### WHAT YOU ARE ASKED TO DO
Where the records below reach the line containing "text 33: </th> [118, 955, 1157, 981]", start transcribing, and end with the line containing "text 29: <tr> [118, 851, 1157, 877]", exactly and with nothing else added.

### DATA FOR PROCESSING ###

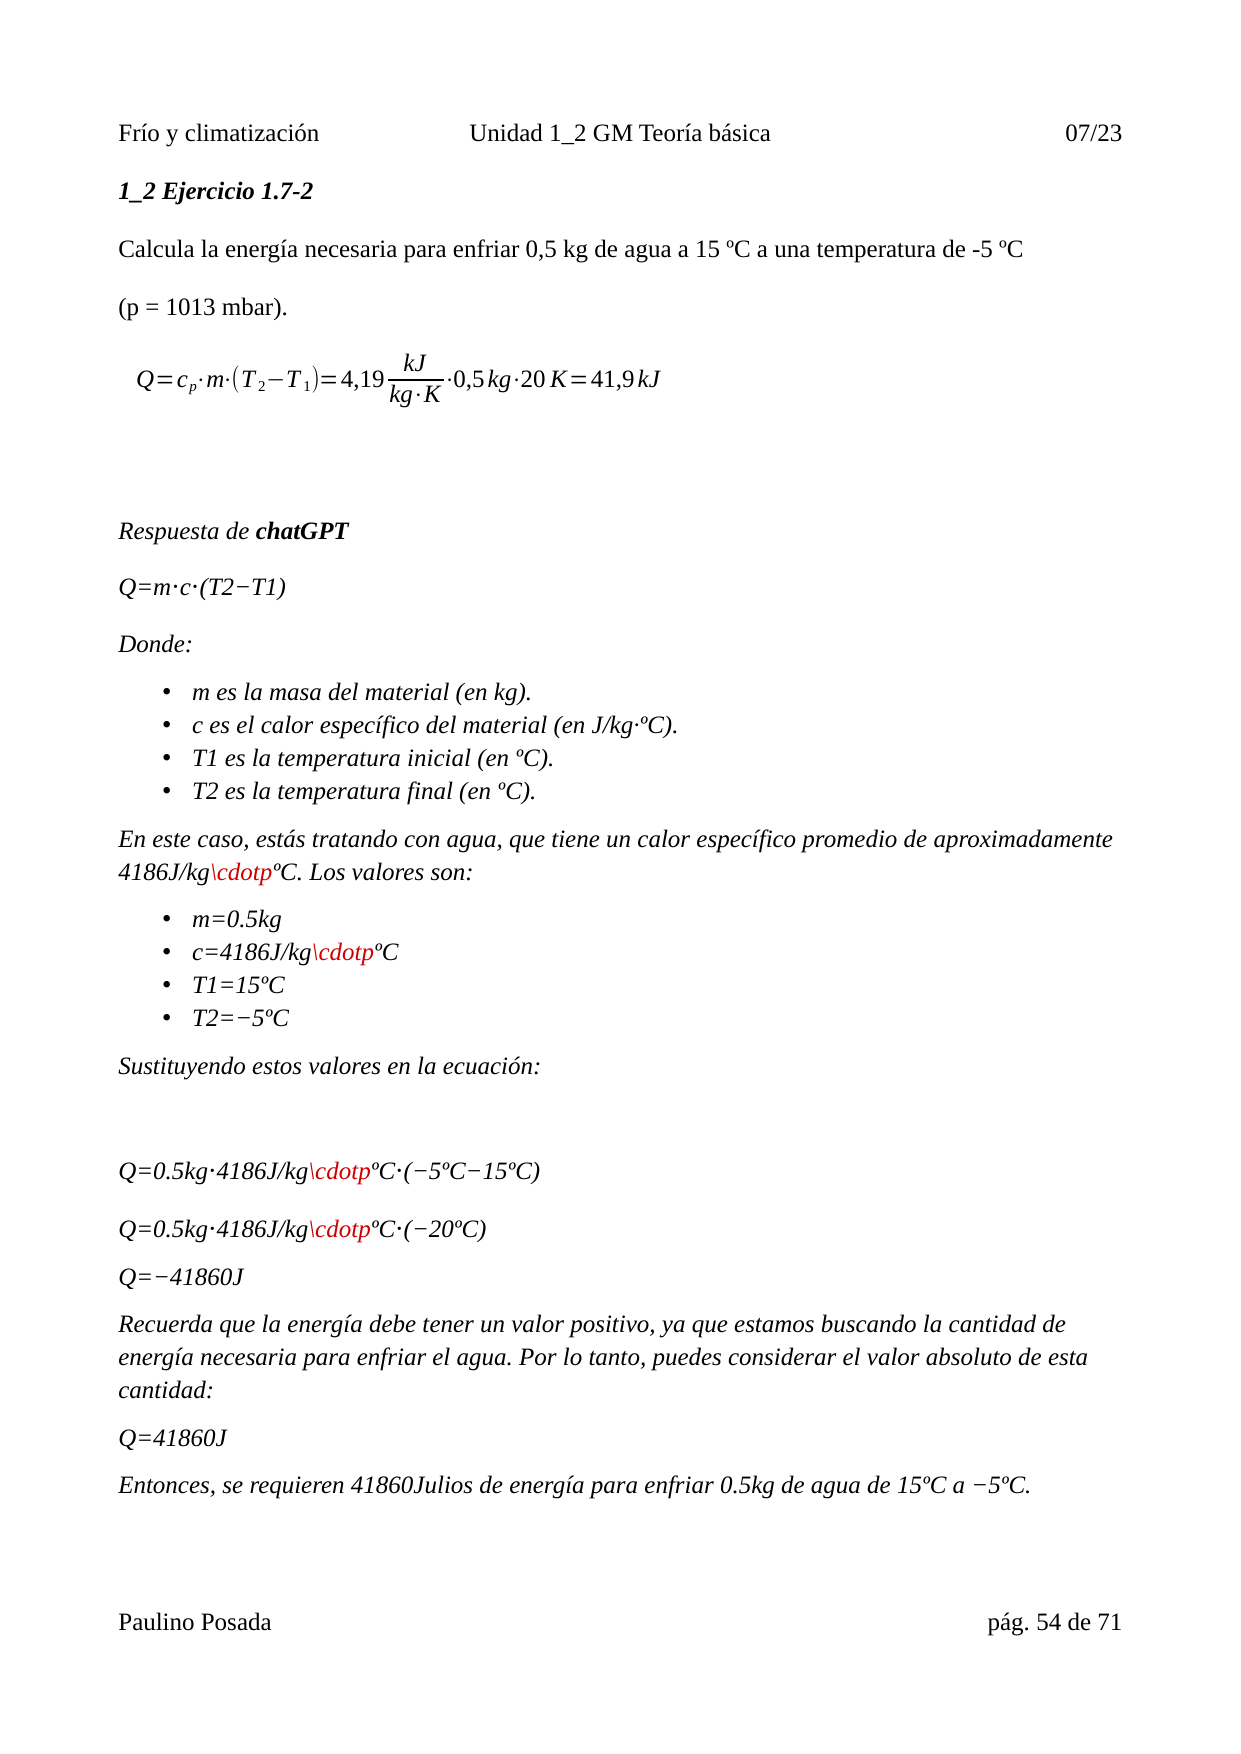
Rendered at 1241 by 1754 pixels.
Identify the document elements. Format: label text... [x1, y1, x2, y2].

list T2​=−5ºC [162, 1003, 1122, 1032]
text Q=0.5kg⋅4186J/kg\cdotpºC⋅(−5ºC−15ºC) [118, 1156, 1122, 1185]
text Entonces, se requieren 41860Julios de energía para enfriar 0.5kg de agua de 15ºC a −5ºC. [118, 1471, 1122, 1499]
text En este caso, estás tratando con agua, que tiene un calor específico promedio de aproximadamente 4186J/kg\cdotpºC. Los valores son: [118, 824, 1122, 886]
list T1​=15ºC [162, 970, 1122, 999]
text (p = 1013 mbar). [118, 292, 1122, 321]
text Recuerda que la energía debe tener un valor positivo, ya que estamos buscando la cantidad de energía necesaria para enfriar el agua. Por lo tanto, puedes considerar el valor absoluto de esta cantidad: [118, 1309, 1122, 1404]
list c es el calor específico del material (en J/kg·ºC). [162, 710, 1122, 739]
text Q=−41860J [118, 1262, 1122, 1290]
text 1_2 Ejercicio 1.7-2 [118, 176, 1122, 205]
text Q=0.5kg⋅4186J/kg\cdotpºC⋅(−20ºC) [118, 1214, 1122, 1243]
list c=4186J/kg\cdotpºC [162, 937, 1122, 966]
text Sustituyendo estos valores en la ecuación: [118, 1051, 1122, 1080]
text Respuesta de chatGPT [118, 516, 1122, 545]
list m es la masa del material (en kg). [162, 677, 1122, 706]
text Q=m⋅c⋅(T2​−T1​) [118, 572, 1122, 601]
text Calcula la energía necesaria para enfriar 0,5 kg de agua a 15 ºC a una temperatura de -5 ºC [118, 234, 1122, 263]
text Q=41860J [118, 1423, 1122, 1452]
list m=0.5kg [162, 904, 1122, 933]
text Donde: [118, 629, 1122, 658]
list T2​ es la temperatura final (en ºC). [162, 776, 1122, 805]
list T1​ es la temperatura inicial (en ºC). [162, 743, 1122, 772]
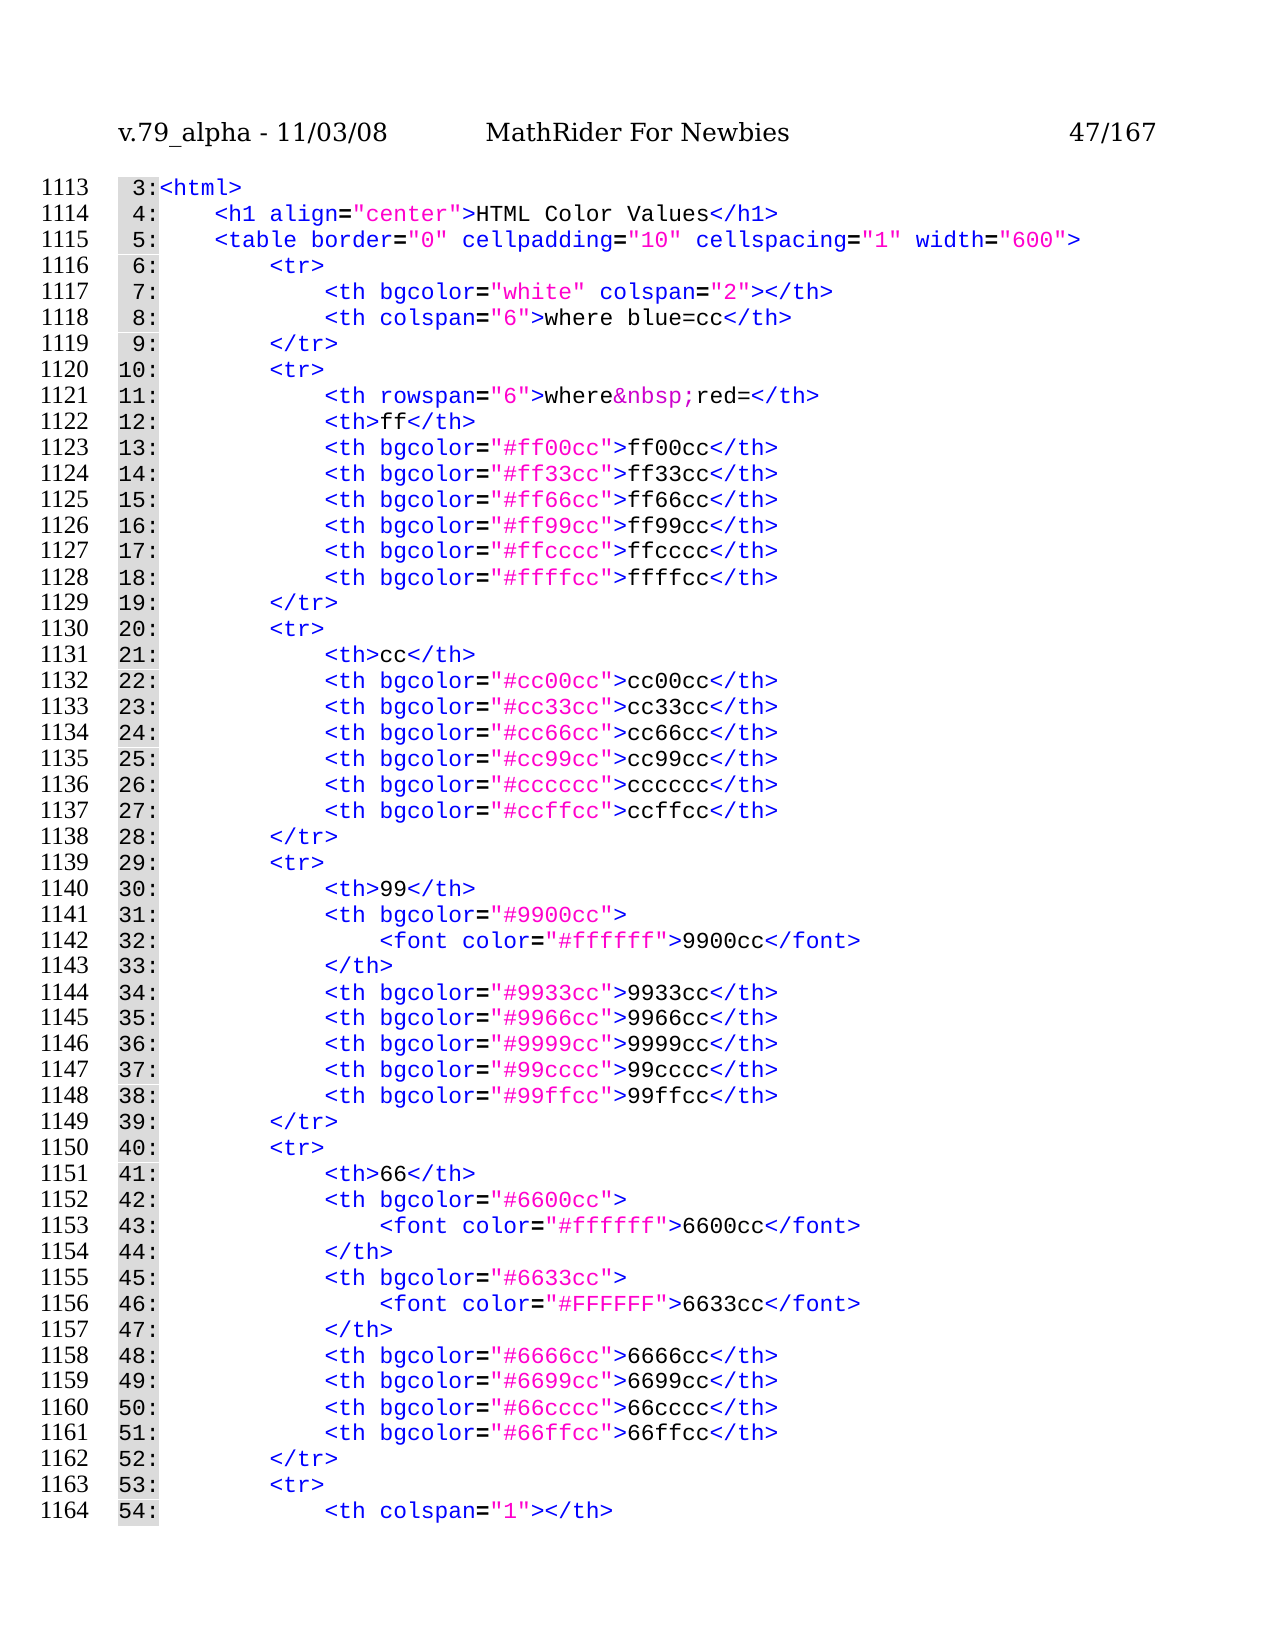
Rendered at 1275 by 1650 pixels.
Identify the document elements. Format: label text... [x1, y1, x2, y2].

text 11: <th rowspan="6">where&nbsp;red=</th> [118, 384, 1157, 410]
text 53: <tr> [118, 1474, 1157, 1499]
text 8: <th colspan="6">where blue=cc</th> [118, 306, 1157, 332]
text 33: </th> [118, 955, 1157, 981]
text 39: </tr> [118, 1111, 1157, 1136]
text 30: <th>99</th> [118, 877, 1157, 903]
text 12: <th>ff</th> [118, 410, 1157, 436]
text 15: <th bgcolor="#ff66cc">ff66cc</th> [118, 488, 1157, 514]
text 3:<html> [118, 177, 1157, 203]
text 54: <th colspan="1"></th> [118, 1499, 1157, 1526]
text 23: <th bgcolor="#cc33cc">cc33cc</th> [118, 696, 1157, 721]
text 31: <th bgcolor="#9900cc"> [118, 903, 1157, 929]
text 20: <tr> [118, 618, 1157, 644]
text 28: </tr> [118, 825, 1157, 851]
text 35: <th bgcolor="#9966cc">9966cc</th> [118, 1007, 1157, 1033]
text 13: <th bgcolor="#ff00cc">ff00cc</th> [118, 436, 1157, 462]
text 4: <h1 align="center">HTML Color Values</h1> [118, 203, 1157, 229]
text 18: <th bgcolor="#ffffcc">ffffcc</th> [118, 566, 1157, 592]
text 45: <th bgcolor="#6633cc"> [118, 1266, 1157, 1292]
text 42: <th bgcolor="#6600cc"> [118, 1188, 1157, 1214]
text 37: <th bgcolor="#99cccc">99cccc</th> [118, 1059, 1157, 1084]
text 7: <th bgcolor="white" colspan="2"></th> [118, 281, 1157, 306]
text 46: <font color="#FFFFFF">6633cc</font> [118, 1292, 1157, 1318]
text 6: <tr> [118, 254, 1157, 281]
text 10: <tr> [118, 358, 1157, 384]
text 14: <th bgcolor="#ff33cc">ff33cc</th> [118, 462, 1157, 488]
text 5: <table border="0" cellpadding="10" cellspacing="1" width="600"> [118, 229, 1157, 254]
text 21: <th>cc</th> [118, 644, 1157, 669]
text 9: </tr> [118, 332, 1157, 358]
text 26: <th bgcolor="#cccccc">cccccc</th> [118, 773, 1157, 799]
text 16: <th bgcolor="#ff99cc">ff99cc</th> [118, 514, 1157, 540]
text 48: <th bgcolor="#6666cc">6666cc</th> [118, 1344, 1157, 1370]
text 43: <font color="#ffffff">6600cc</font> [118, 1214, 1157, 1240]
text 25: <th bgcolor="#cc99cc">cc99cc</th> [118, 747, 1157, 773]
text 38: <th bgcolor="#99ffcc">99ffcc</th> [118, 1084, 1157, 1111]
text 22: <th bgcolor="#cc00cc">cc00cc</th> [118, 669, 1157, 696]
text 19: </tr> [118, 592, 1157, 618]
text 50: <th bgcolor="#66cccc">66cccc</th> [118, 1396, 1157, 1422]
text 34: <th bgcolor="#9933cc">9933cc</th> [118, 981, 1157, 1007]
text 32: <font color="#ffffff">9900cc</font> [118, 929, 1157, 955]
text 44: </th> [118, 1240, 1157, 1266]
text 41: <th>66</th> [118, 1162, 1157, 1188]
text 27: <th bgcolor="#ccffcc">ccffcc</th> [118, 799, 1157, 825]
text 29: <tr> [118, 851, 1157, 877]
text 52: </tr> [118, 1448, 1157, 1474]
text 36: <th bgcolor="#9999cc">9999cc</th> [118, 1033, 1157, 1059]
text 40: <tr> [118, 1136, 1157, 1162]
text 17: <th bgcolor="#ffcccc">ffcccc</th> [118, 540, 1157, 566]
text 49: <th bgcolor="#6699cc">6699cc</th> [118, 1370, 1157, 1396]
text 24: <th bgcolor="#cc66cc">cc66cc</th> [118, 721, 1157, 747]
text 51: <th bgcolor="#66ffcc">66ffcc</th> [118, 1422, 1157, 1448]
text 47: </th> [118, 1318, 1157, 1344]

###

### TASK SOLUTION
text 33: </th> [118, 955, 1157, 981]
text 39: </tr> [118, 1111, 1157, 1136]
text 30: <th>99</th> [118, 877, 1157, 903]
text 12: <th>ff</th> [118, 410, 1157, 436]
text 15: <th bgcolor="#ff66cc">ff66cc</th> [118, 488, 1157, 514]
text 3:<html> [118, 177, 1157, 203]
text 54: <th colspan="1"></th> [118, 1499, 1157, 1526]
text 23: <th bgcolor="#cc33cc">cc33cc</th> [118, 696, 1157, 721]
text 31: <th bgcolor="#9900cc"> [118, 903, 1157, 929]
text 20: <tr> [118, 618, 1157, 644]
text 28: </tr> [118, 825, 1157, 851]
text 35: <th bgcolor="#9966cc">9966cc</th> [118, 1007, 1157, 1033]
text 13: <th bgcolor="#ff00cc">ff00cc</th> [118, 436, 1157, 462]
text 4: <h1 align="center">HTML Color Values</h1> [118, 203, 1157, 229]
text 18: <th bgcolor="#ffffcc">ffffcc</th> [118, 566, 1157, 592]
text 45: <th bgcolor="#6633cc"> [118, 1266, 1157, 1292]
text 42: <th bgcolor="#6600cc"> [118, 1188, 1157, 1214]
text 37: <th bgcolor="#99cccc">99cccc</th> [118, 1059, 1157, 1084]
text 7: <th bgcolor="white" colspan="2"></th> [118, 281, 1157, 306]
text 46: <font color="#FFFFFF">6633cc</font> [118, 1292, 1157, 1318]
text 6: <tr> [118, 254, 1157, 281]
text 10: <tr> [118, 358, 1157, 384]
text 14: <th bgcolor="#ff33cc">ff33cc</th> [118, 462, 1157, 488]
text 5: <table border="0" cellpadding="10" cellspacing="1" width="600"> [118, 229, 1157, 254]
text 21: <th>cc</th> [118, 644, 1157, 669]
text 9: </tr> [118, 332, 1157, 358]
text 26: <th bgcolor="#cccccc">cccccc</th> [118, 773, 1157, 799]
text 16: <th bgcolor="#ff99cc">ff99cc</th> [118, 514, 1157, 540]
text 48: <th bgcolor="#6666cc">6666cc</th> [118, 1344, 1157, 1370]
text 43: <font color="#ffffff">6600cc</font> [118, 1214, 1157, 1240]
text 25: <th bgcolor="#cc99cc">cc99cc</th> [118, 747, 1157, 773]
text 38: <th bgcolor="#99ffcc">99ffcc</th> [118, 1084, 1157, 1111]
text 22: <th bgcolor="#cc00cc">cc00cc</th> [118, 669, 1157, 696]
text 19: </tr> [118, 592, 1157, 618]
text 50: <th bgcolor="#66cccc">66cccc</th> [118, 1396, 1157, 1422]
text 34: <th bgcolor="#9933cc">9933cc</th> [118, 981, 1157, 1007]
text 32: <font color="#ffffff">9900cc</font> [118, 929, 1157, 955]
text 44: </th> [118, 1240, 1157, 1266]
text 41: <th>66</th> [118, 1162, 1157, 1188]
text 27: <th bgcolor="#ccffcc">ccffcc</th> [118, 799, 1157, 825]
text 29: <tr> [118, 851, 1157, 877]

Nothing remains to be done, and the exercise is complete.